» **What the task requires**
Copy out all the lines of the data that hold the word "this".

[[ Data under study open ]]

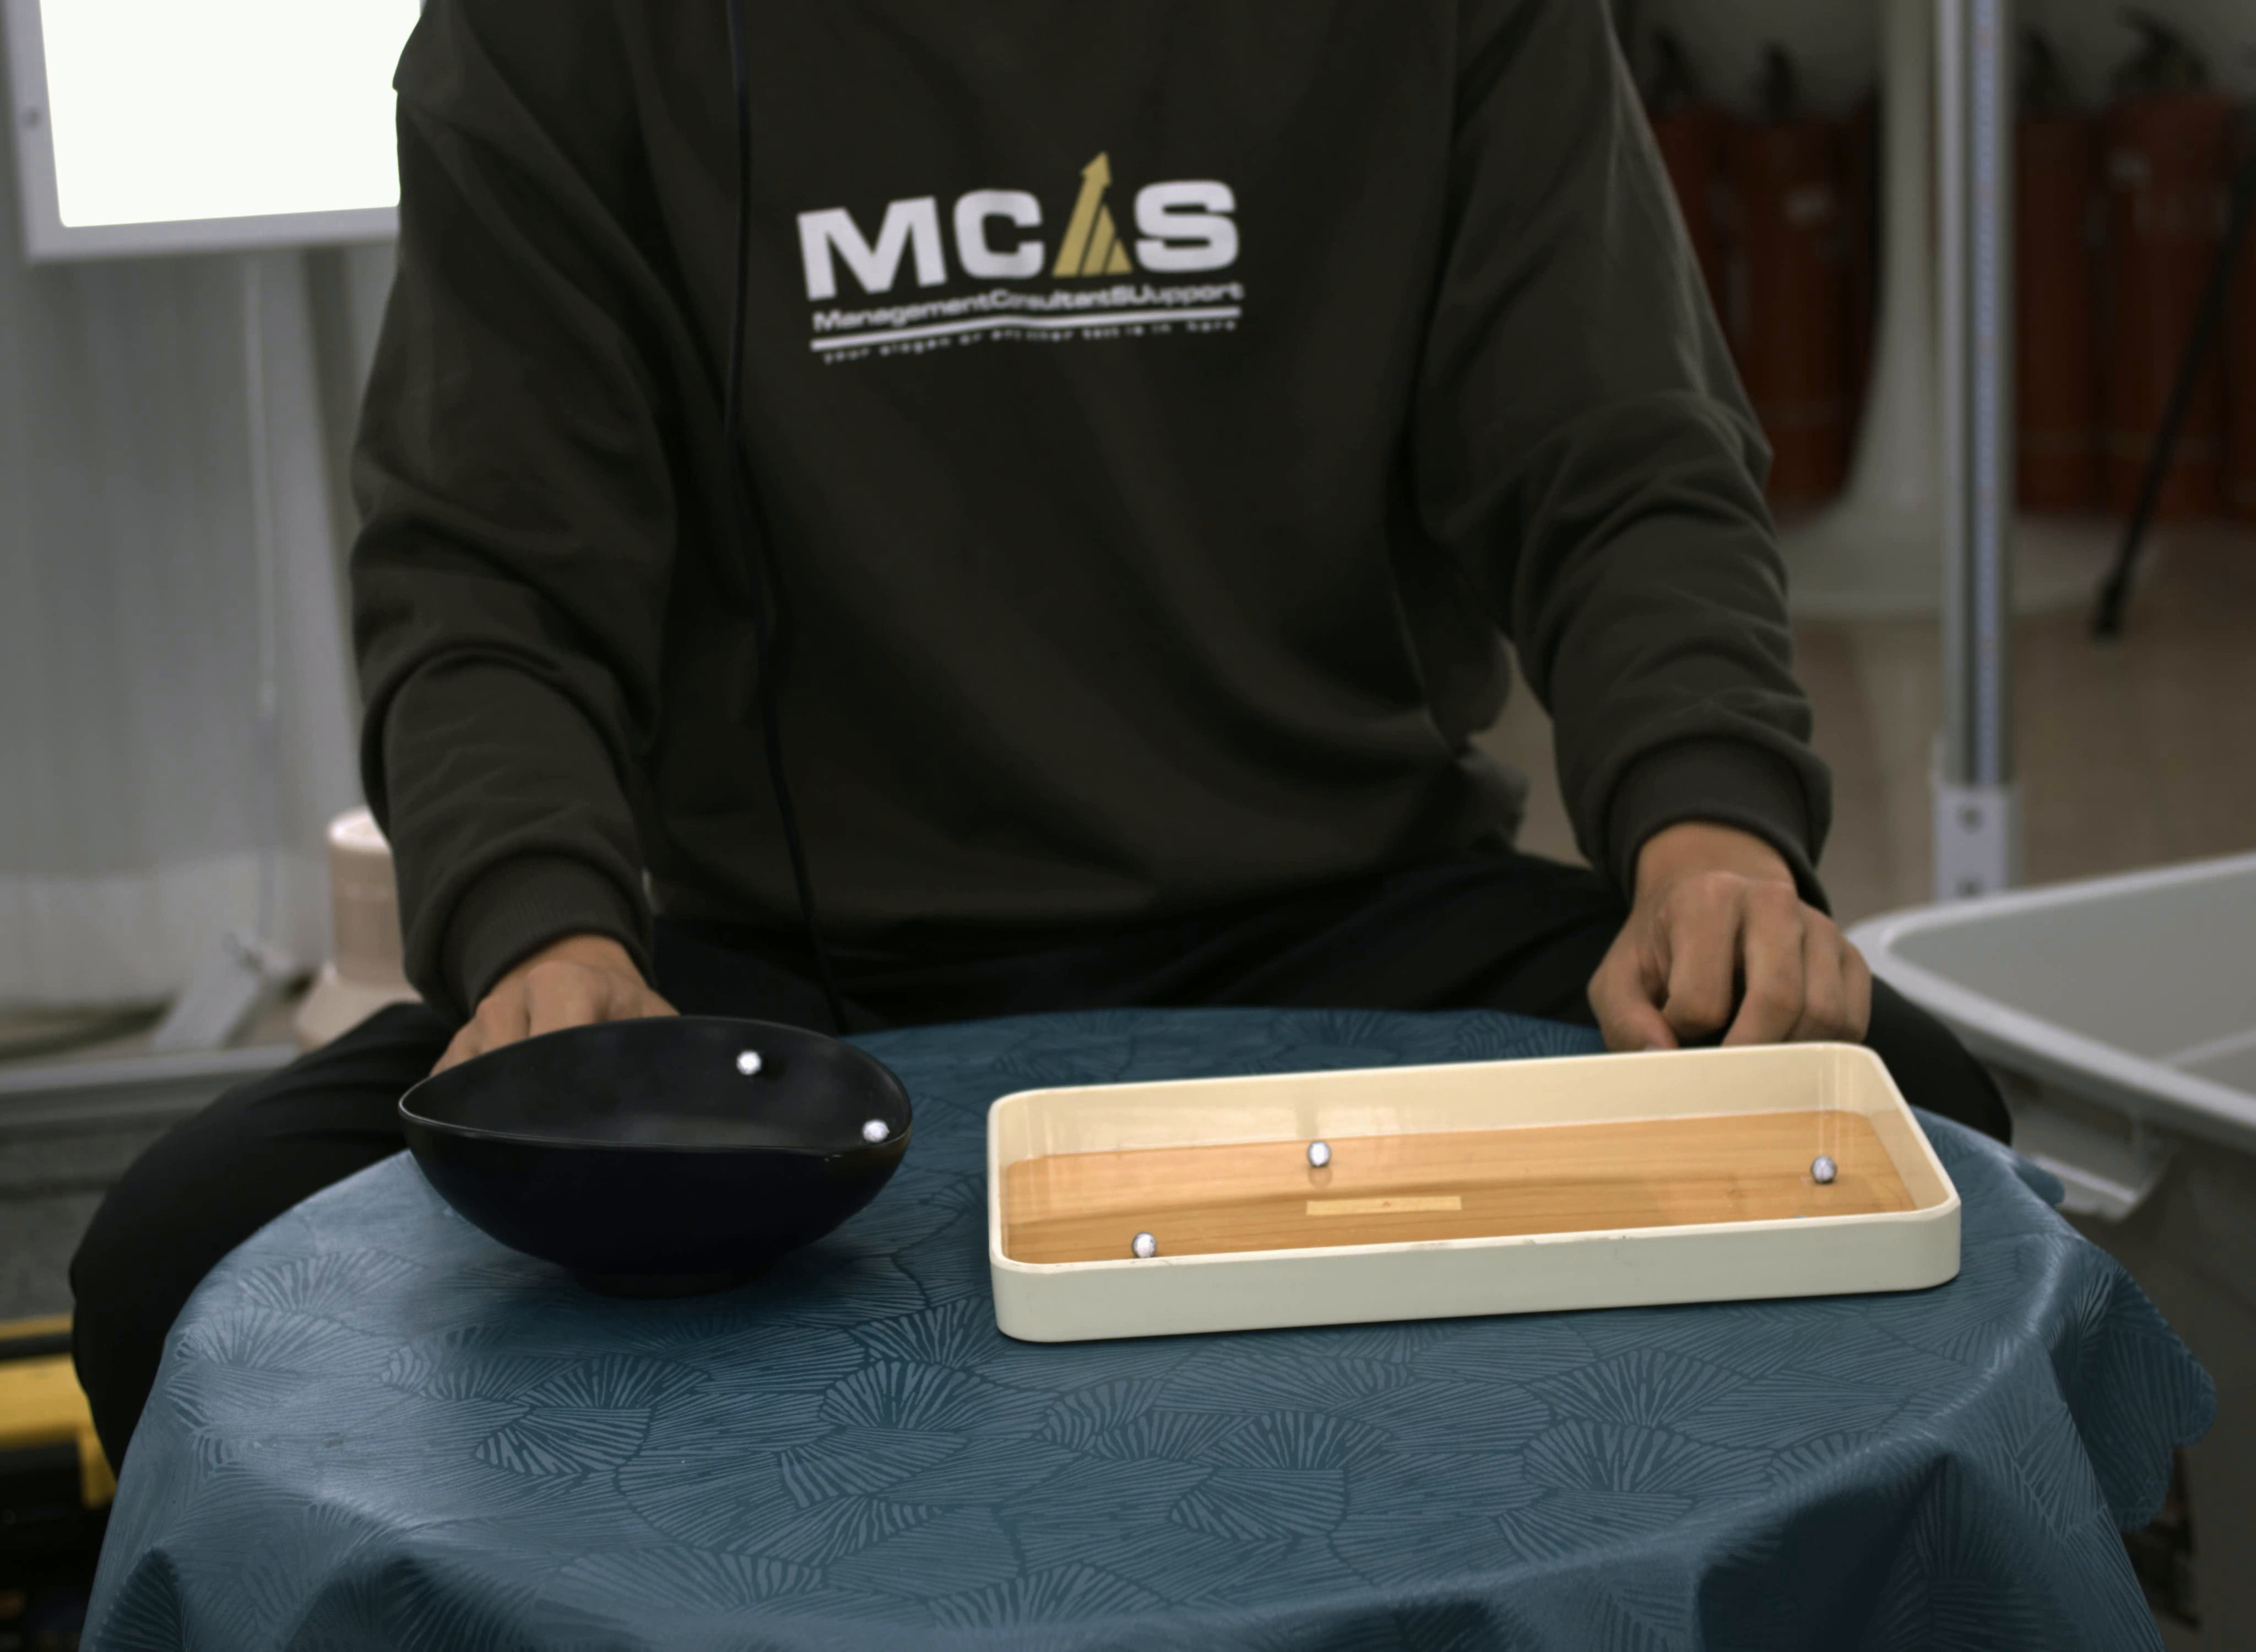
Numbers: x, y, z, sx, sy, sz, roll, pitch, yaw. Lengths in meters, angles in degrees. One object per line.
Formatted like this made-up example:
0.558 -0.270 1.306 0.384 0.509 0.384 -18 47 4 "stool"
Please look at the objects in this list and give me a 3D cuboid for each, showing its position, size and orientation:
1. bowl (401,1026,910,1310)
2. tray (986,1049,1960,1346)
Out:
-0.148 0.113 1.722 0.170 0.067 0.136 3 15 19 "bowl"
0.104 0.117 1.712 0.296 0.028 0.192 -4 13 0 "tray"
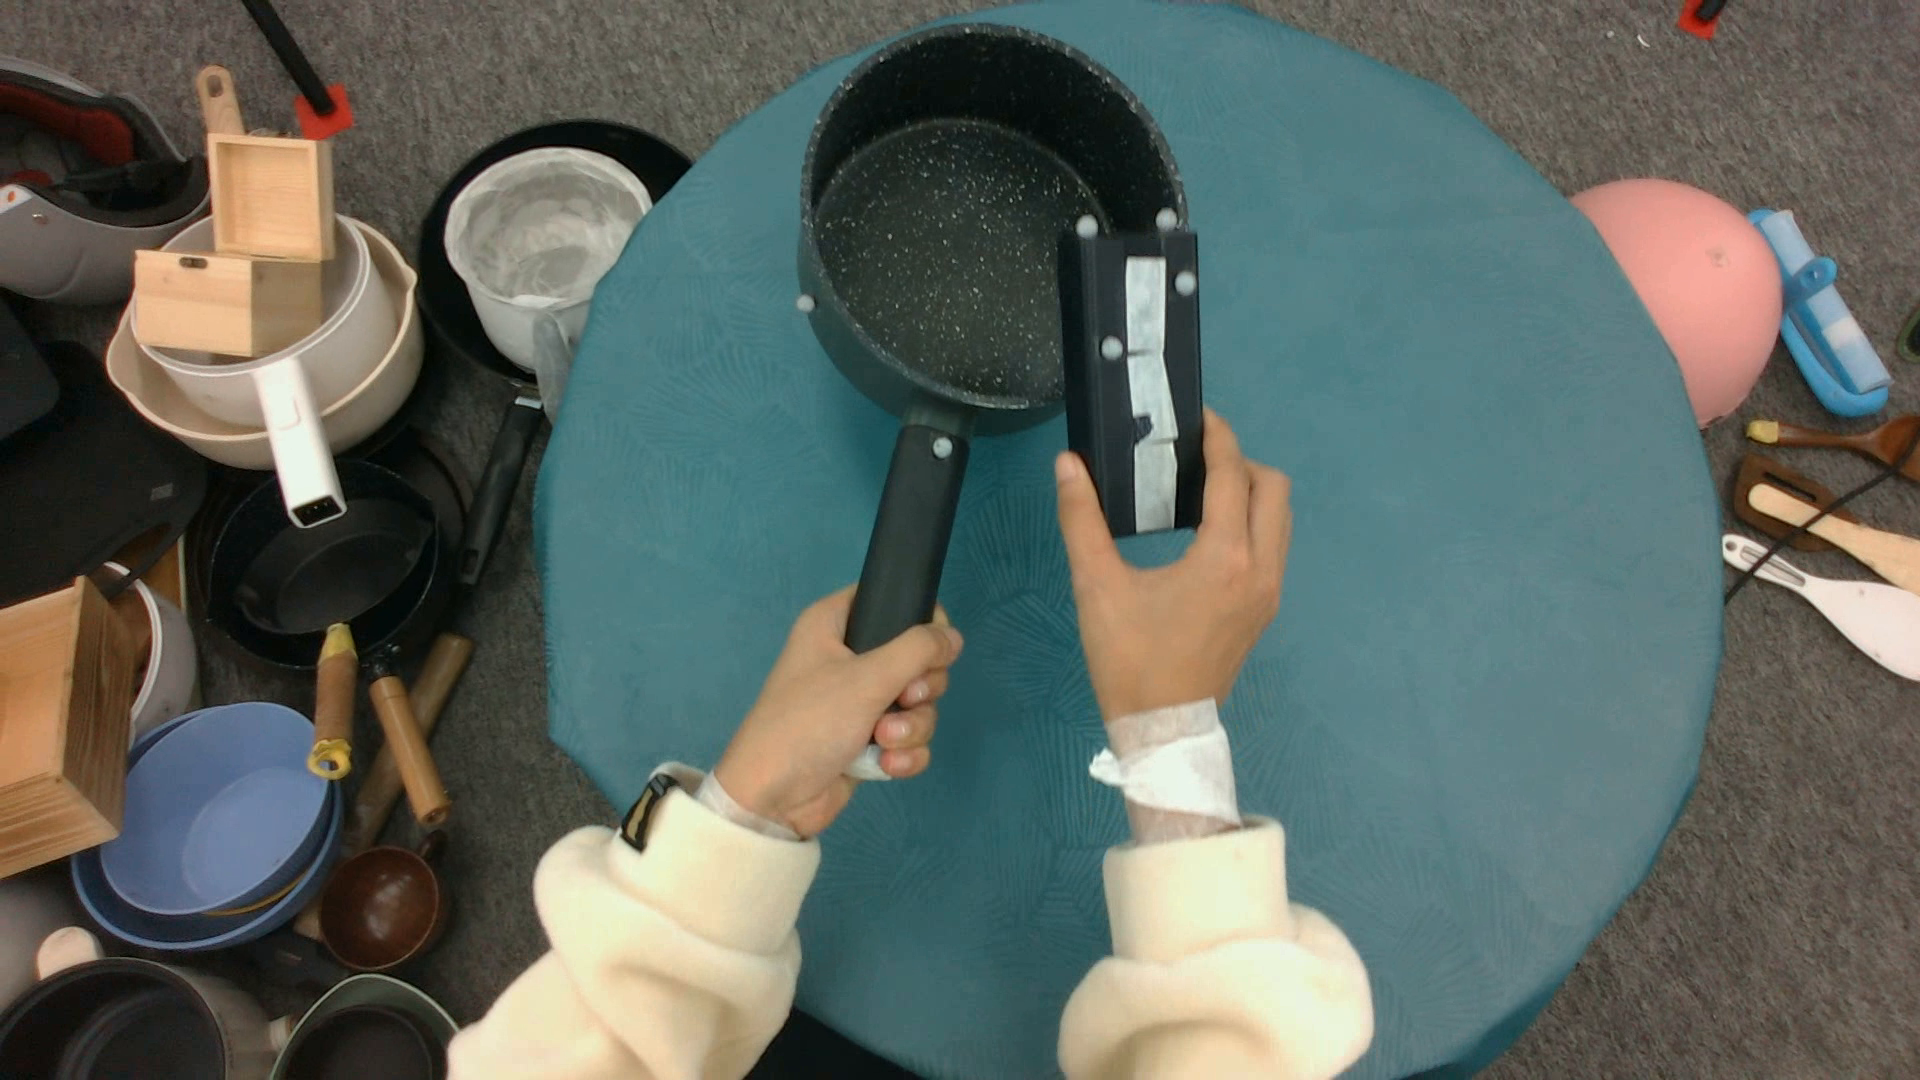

[[ Data under study closed ]]

» **Output of the task**
Formatted like this made-up example:
Please look at the objects in this list and give me a 3D cuboid for each, showing its position, size and orientation:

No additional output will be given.